ペットと一緒に入れるお墓を探すなら、まずは近隣の民営霊園をあたってみると良いでしょう。なぜなら、民営霊園は特定の宗教色を押し出さない所が多く、お寺が管理している一般的な霊園よりも宗教的な制約が緩い傾向があるからです。ペットと一緒にお墓に入りたいという願いが叶いやすいでしょう。

4-2.樹木葬を検討する

樹木葬とは、墓石ではなくて、樹木を墓標とするお墓のことを指します。樹木葬のいい点は宗教不問とされている所が多いことです。つまり、人間とペットの共葬が許されるということです。さらに墓石代がかからないため、費用が安いということもメリットです。
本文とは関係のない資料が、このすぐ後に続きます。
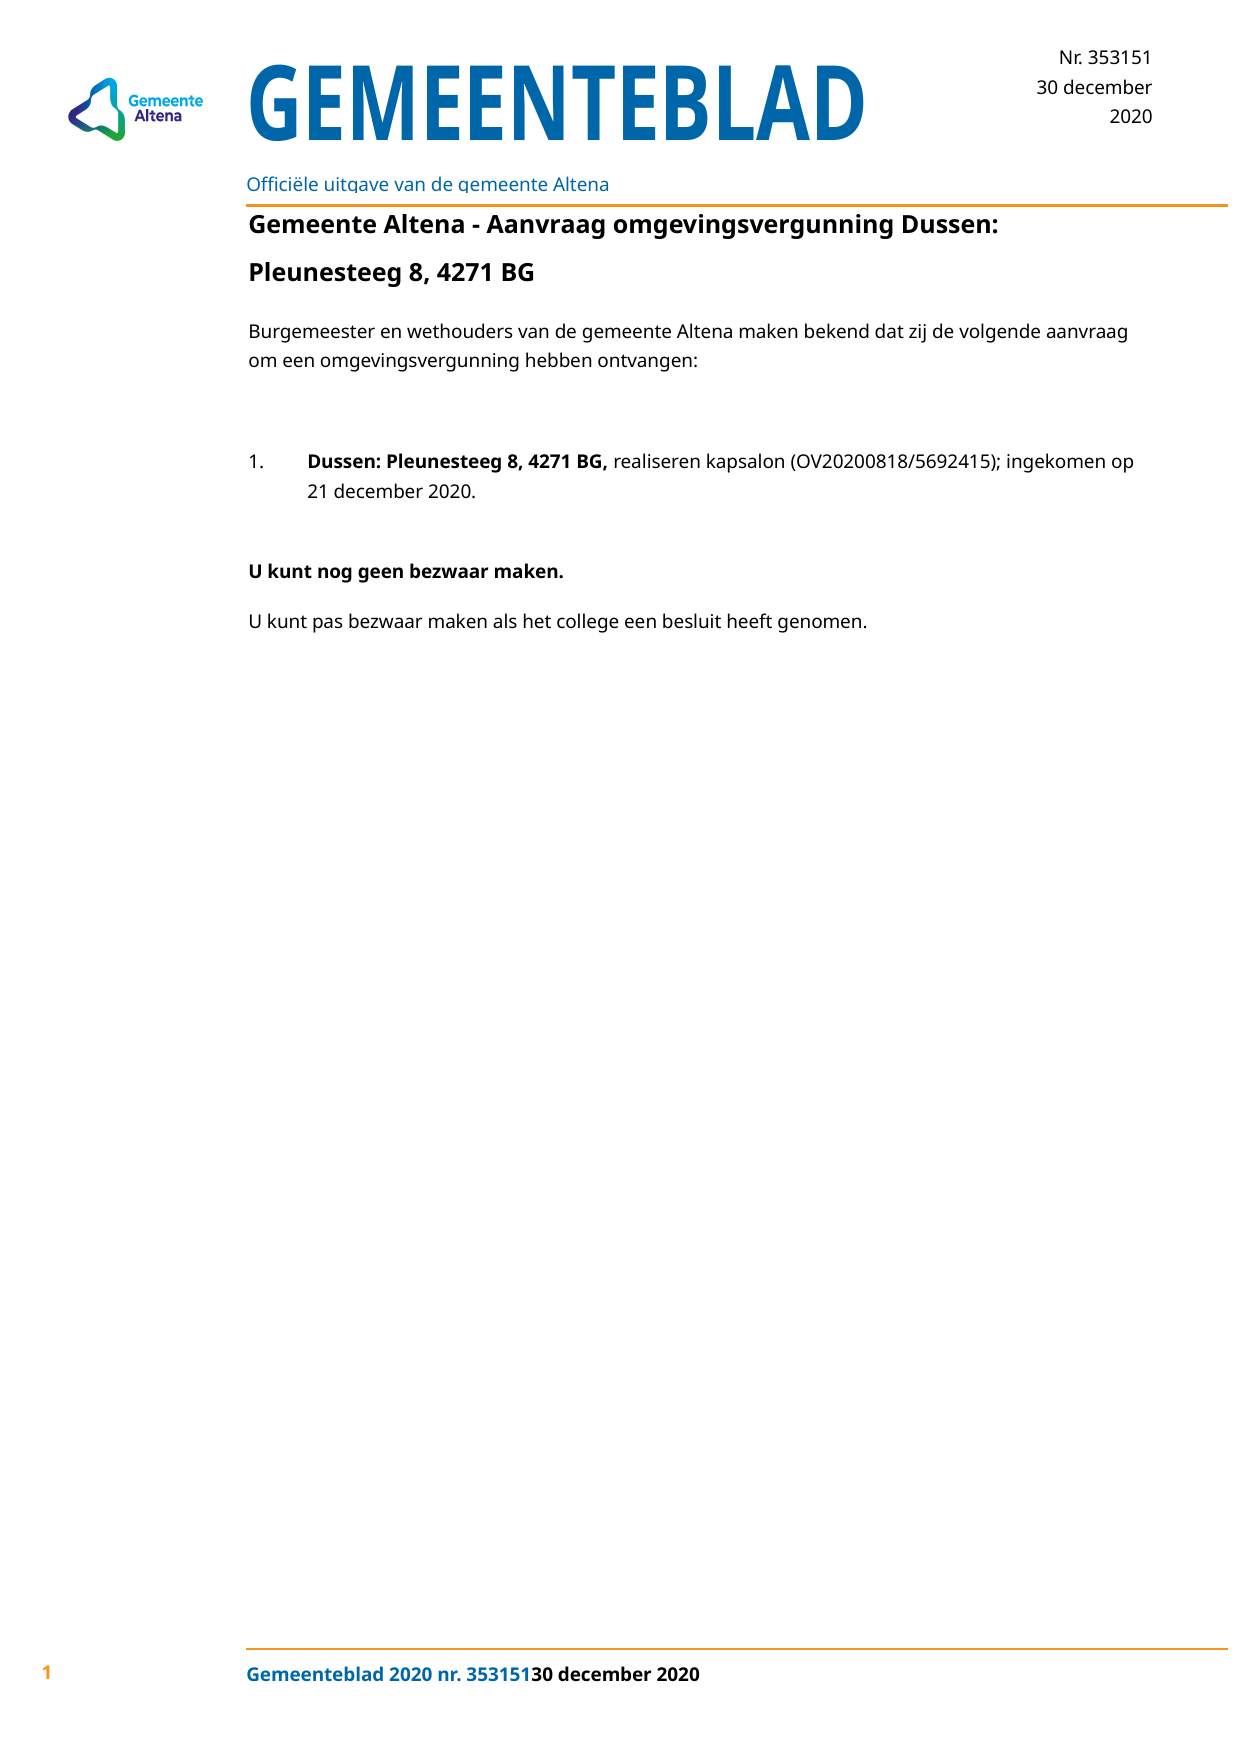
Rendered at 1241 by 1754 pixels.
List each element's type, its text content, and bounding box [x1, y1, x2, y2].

text Burgemeester en wethouders van de gemeente Altena maken bekend dat zij de volgende aanvraag om een omgevingsvergunning hebben ontvangen: [248, 318, 1152, 373]
list Dussen: Pleunesteeg 8, 4271 BG, realiseren kapsalon (OV20200818/5692415); ingekomen op 21 december 2020. [248, 448, 1152, 504]
text Gemeente Altena - Aanvraag omgevingsvergunning Dussen: Pleunesteeg 8, 4271 BG [248, 207, 1152, 288]
text U kunt nog geen bezwaar maken. [248, 558, 1152, 584]
text U kunt pas bezwaar maken als het college een besluit heeft genomen. [248, 608, 1152, 634]
picture [41, 47, 231, 172]
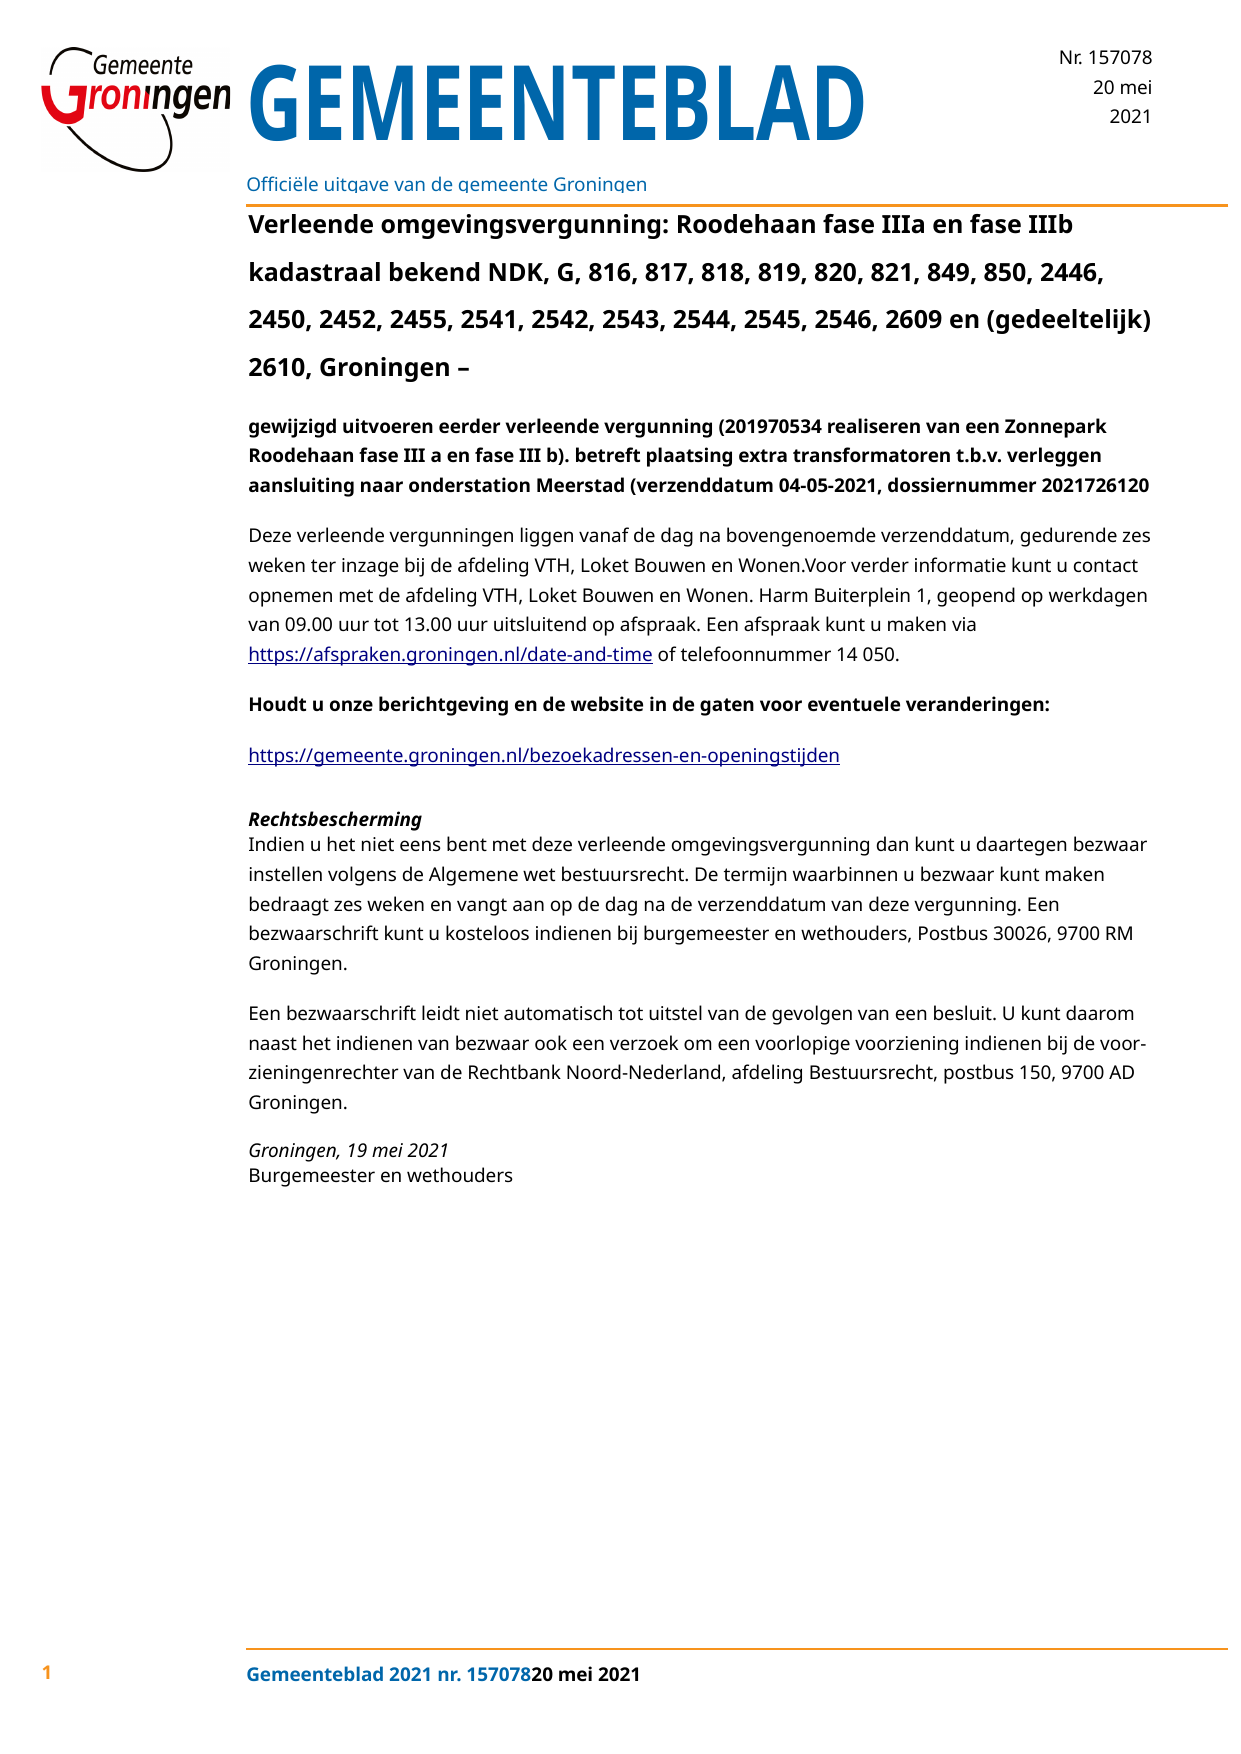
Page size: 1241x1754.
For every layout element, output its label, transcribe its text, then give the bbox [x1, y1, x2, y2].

樹木葬の埋葬方法には、「個別型」と「合祀型」があります。前者は、個別にスペースを設けて、プレートの側に納骨されます。「合祀型」は、一本の大樹をシンボルとし、個別スペースは設けません。シンボルの大樹の周りに遺骨が複数納骨される形となります。

名前は埋葬者一覧の大きなプレートに刻まれることになります。「個別型」も「合祀型」も、ペットと一緒に眠ることが可能な所もあるので、比較検討すると良いでしょう。その際、費用が「個別型」と「合祀型」で多少異なります。その点は個人で確認し、予算と相談しながら決めると良いでしょう。

おわりに

ペットが亡くなった後の宗教的解釈や法律上の扱い、霊園の管理規定、新たにペット対応の墓を探す方法について、ご紹介しました。今やペットは家族であり、親密で非常に大切な存在です。今はまだペット不可の霊園が多いようですが、これから先もペットとの共葬が可能な所も徐々に増えてくることでしょう。ご参考になれば幸いです。